A) PETRI-seq workflow20. Bacterial cells were fixed and permeabilized, then subjected to three rounds of cDNA barcoding to give transcripts of each cell a unique barcode combination. This method is highly scalable to multiple samples and tens of thousands of cells. B) Local operon structure is captured by gene-gene correlations (Spearman’s r). Operons are indicated by shared colors of genes. Gray genes indicate those removed by low-count filtering. Names of SAUSA300_RS04760 and SAUSA300_RS04765 are truncated. C & D) Global gene-gene correlations reflect chromosomal position in (C) exponential phase and (D) stationary phase S. aureus. Spearman correlations were calculated based on scVI-smoothed expression averaged in 50 kb bins by chromosome position. E) Simulated correlation patterns in unsynchronized E. coli populations at three different growth rates. F) Spearman correlations between scaled data averaged into 50 kb bins, as for (C) but for E. coli grown at three growth rates.

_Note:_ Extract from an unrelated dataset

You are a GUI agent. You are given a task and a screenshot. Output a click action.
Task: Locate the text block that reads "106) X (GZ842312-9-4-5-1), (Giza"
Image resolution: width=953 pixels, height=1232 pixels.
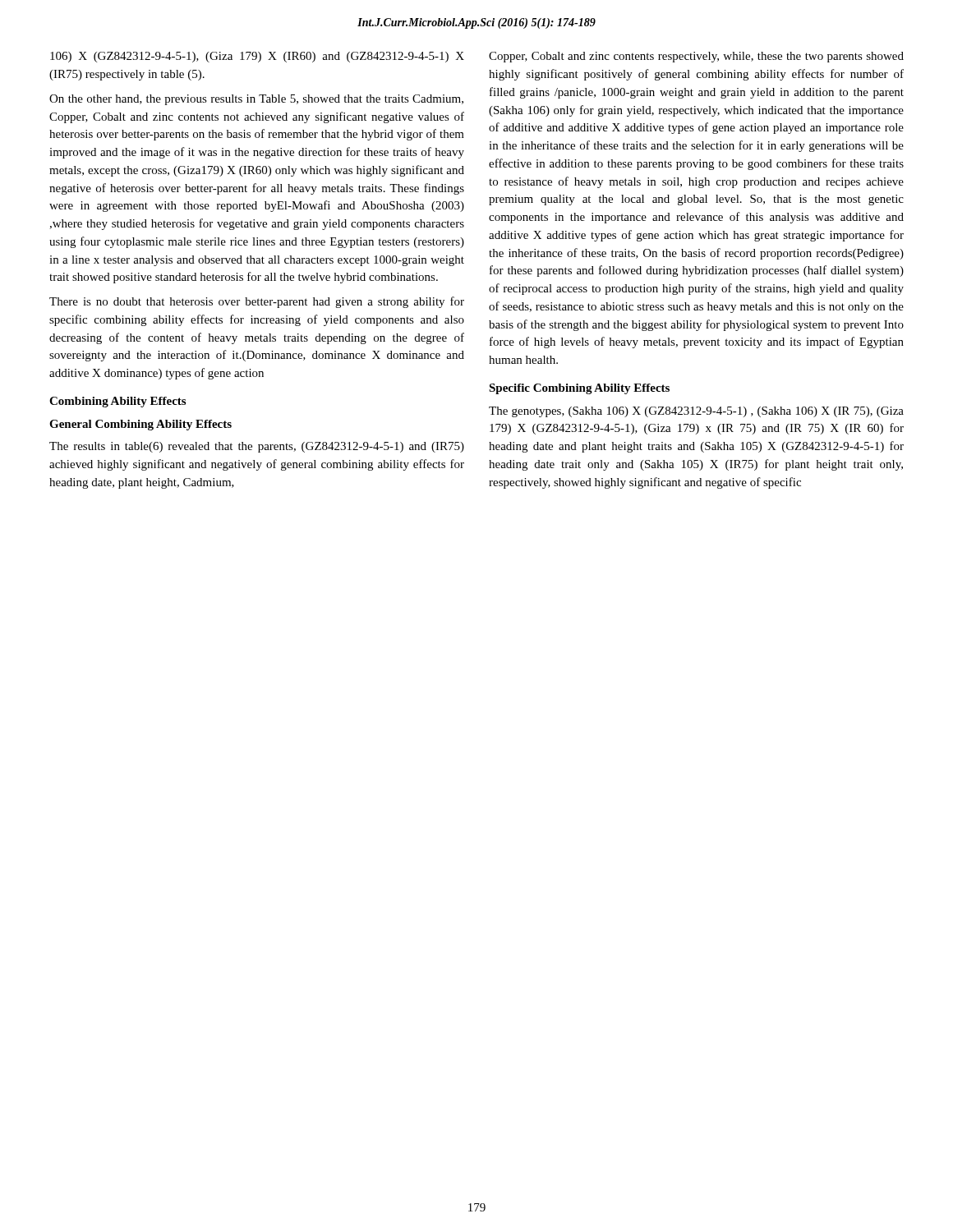pos(257,65)
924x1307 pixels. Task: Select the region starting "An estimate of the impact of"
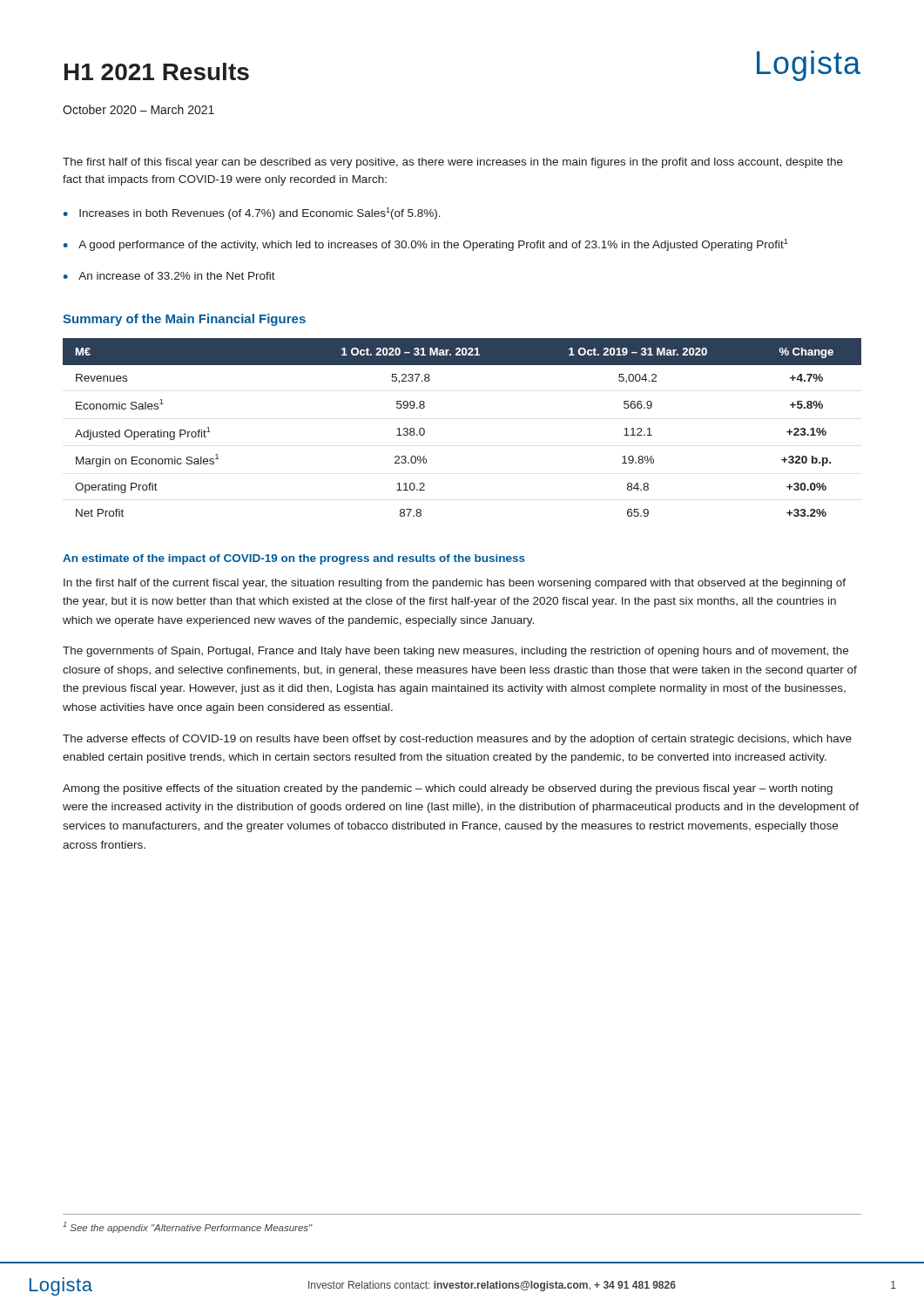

G) Introducing ectopic origins of replication in E. coli leads to predictable perturbations in gene expression heterogeneity. Top: schematic of predicted replication patterns based on previous studies2527. Middle: Predicted correlation patterns based on the copy number simulation. Bottom: Real correlation patterns in oriX and oriZ mutant strains, as in (C). Heatmaps of correlations without chromosome position-dependent binning are shown in Fig. S2D.